→ **To do**: Reproduce only the lines that begin at the line with "#1 car <box>70,199,133,217</box>" and run to the end of the entries; omit every picture.

Collected data:
--- START ---

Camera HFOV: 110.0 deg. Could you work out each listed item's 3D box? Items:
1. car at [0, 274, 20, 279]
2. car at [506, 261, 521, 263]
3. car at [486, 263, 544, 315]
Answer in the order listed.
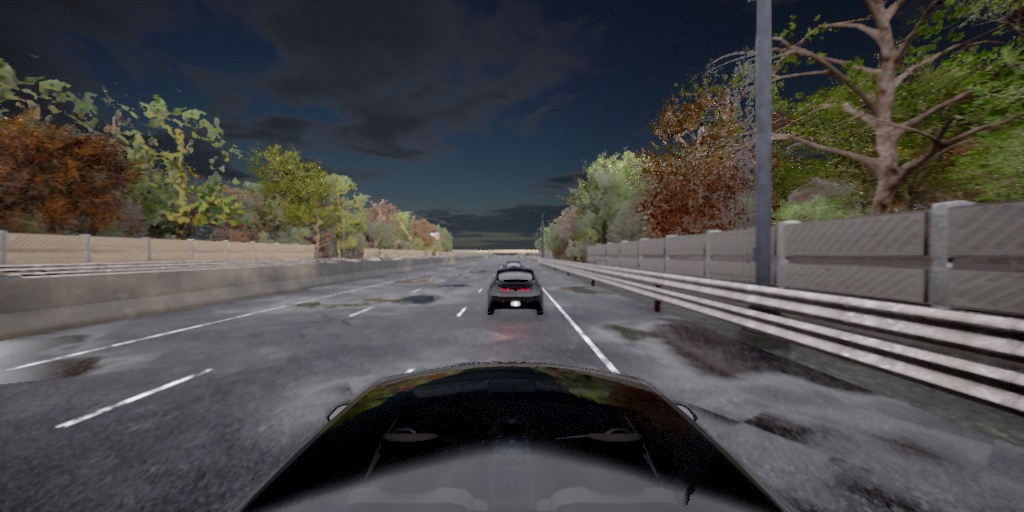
[{"bbox_3d":[-17.587,1.237,11.048,1.812,1.442,4.674,0,0,0],"label":"car"},{"bbox_3d":[0.138,1.123,30.031,1.812,1.442,4.674,0,0,0],"label":"car"},{"bbox_3d":[0.112,1.186,13.278,1.837,1.490,4.892,0,0,0],"label":"car"}]
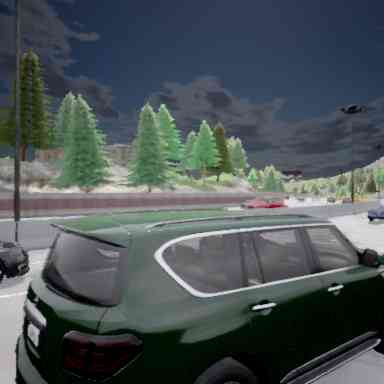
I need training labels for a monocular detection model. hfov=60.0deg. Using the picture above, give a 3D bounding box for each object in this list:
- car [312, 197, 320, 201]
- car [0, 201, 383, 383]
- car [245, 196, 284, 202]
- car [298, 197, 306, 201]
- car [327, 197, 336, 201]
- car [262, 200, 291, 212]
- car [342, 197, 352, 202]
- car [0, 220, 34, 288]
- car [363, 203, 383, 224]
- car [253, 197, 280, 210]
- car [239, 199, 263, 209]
[{"bbox_3d":[31.144,1.868,83.389,1.882,1.535,5.008,0,0,21],"label":"car"},{"bbox_3d":[0.833,1.249,4.357,5.566,2.045,2.150,0,0,-37],"label":"car"},{"bbox_3d":[7.428,1.421,33.807,2.150,2.045,5.566,0,0,44],"label":"car"},{"bbox_3d":[28.909,2.013,87.414,1.812,1.442,4.674,0,0,21],"label":"car"},{"bbox_3d":[32.434,1.920,77.294,1.837,1.490,4.892,0,0,23],"label":"car"},{"bbox_3d":[10.886,1.816,42.859,1.994,1.385,4.181,0,-1,40],"label":"car"},{"bbox_3d":[31.465,1.866,67.060,1.837,1.490,4.892,0,0,27],"label":"car"},{"bbox_3d":[-6.531,1.567,7.760,4.892,1.490,1.837,0,0,-35],"label":"car"},{"bbox_3d":[15.893,1.691,27.093,2.033,1.411,5.357,0,0,43],"label":"car"},{"bbox_3d":[10.838,1.637,48.276,2.097,1.767,4.553,0,0,39],"label":"car"},{"bbox_3d":[9.234,1.875,51.877,1.994,1.385,4.181,0,0,38],"label":"car"}]
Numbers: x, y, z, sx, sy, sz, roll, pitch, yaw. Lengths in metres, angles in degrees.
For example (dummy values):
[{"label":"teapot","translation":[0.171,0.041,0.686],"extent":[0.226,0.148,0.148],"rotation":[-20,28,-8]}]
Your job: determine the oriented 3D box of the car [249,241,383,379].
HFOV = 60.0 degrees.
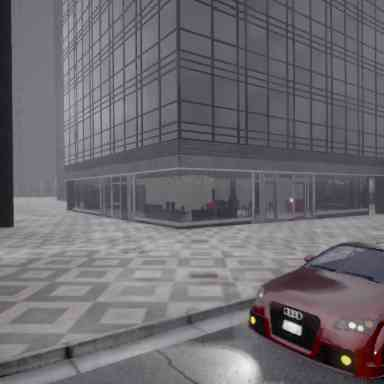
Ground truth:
[{"label":"car","translation":[2.916,1.563,5.440],"extent":[4.181,1.385,1.994],"rotation":[0,0,-35]}]
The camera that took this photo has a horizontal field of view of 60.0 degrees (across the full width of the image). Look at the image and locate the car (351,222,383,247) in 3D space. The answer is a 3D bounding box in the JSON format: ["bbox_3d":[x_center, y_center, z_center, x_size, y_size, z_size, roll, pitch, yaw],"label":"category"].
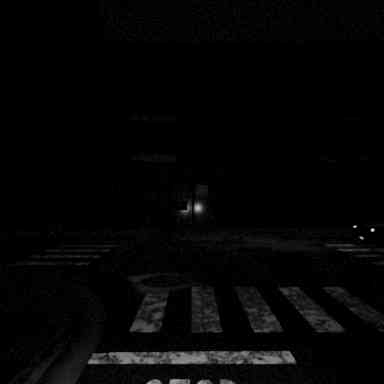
[{"bbox_3d":[9.298,1.593,13.889,4.718,1.301,1.895,0,0,0],"label":"car"}]
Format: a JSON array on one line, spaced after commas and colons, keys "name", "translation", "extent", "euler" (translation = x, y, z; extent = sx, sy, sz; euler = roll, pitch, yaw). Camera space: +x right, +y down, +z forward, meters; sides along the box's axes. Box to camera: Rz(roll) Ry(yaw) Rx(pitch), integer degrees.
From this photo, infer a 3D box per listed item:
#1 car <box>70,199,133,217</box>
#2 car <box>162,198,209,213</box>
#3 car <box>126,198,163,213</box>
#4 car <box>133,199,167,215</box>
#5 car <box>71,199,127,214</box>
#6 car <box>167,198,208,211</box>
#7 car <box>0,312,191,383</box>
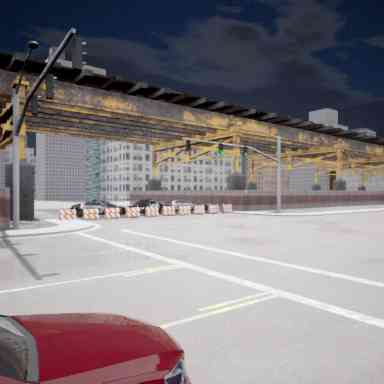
[{"name": "car", "translation": [-8.388, 1.453, 30.385], "extent": [4.974, 1.542, 2.038], "euler": [0, 0, 8]}, {"name": "car", "translation": [-0.748, 1.453, 36.848], "extent": [4.974, 1.542, 2.038], "euler": [0, 0, -7]}, {"name": "car", "translation": [-4.634, 1.295, 33.129], "extent": [1.853, 1.218, 4.536], "euler": [0, 0, 18]}, {"name": "car", "translation": [-4.649, 1.453, 33.079], "extent": [2.038, 1.542, 4.974], "euler": [0, 0, 18]}, {"name": "car", "translation": [-8.439, 1.295, 30.392], "extent": [4.536, 1.218, 1.853], "euler": [0, 0, 8]}, {"name": "car", "translation": [-0.800, 1.295, 36.841], "extent": [4.536, 1.218, 1.853], "euler": [0, 0, -7]}, {"name": "car", "translation": [-2.160, 1.526, 2.226], "extent": [4.674, 1.442, 1.812], "euler": [0, 0, -35]}]
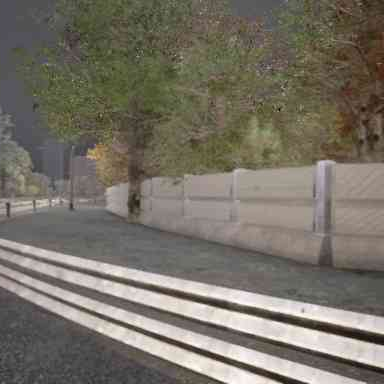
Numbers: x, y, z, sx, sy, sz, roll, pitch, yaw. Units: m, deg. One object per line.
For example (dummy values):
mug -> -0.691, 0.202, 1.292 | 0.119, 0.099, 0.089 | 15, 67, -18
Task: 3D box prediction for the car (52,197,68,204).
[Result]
car -> -27.304, 1.675, 67.761 | 2.128, 1.511, 4.902 | 1, -1, -13

--- END ---

→ **Task response**:
#1 car <box>70,199,133,217</box>
#2 car <box>162,198,209,213</box>
#3 car <box>126,198,163,213</box>
#4 car <box>133,199,167,215</box>
#5 car <box>71,199,127,214</box>
#6 car <box>167,198,208,211</box>
#7 car <box>0,312,191,383</box>
[{"name": "car", "translation": [-8.388, 1.453, 30.385], "extent": [4.974, 1.542, 2.038], "euler": [0, 0, 8]}, {"name": "car", "translation": [-0.748, 1.453, 36.848], "extent": [4.974, 1.542, 2.038], "euler": [0, 0, -7]}, {"name": "car", "translation": [-4.634, 1.295, 33.129], "extent": [1.853, 1.218, 4.536], "euler": [0, 0, 18]}, {"name": "car", "translation": [-4.649, 1.453, 33.079], "extent": [2.038, 1.542, 4.974], "euler": [0, 0, 18]}, {"name": "car", "translation": [-8.439, 1.295, 30.392], "extent": [4.536, 1.218, 1.853], "euler": [0, 0, 8]}, {"name": "car", "translation": [-0.800, 1.295, 36.841], "extent": [4.536, 1.218, 1.853], "euler": [0, 0, -7]}, {"name": "car", "translation": [-2.160, 1.526, 2.226], "extent": [4.674, 1.442, 1.812], "euler": [0, 0, -35]}]
Numbers: x, y, z, sx, sy, sz, roll, pitch, yaw. Units: m, deg. One object per line.
For example (dummy values):
mug -> -0.691, 0.202, 1.292 | 0.119, 0.099, 0.089 | 15, 67, -18
Task: 3D box prediction for the car (52,197,68,204).
[Result]
car -> -27.304, 1.675, 67.761 | 2.128, 1.511, 4.902 | 1, -1, -13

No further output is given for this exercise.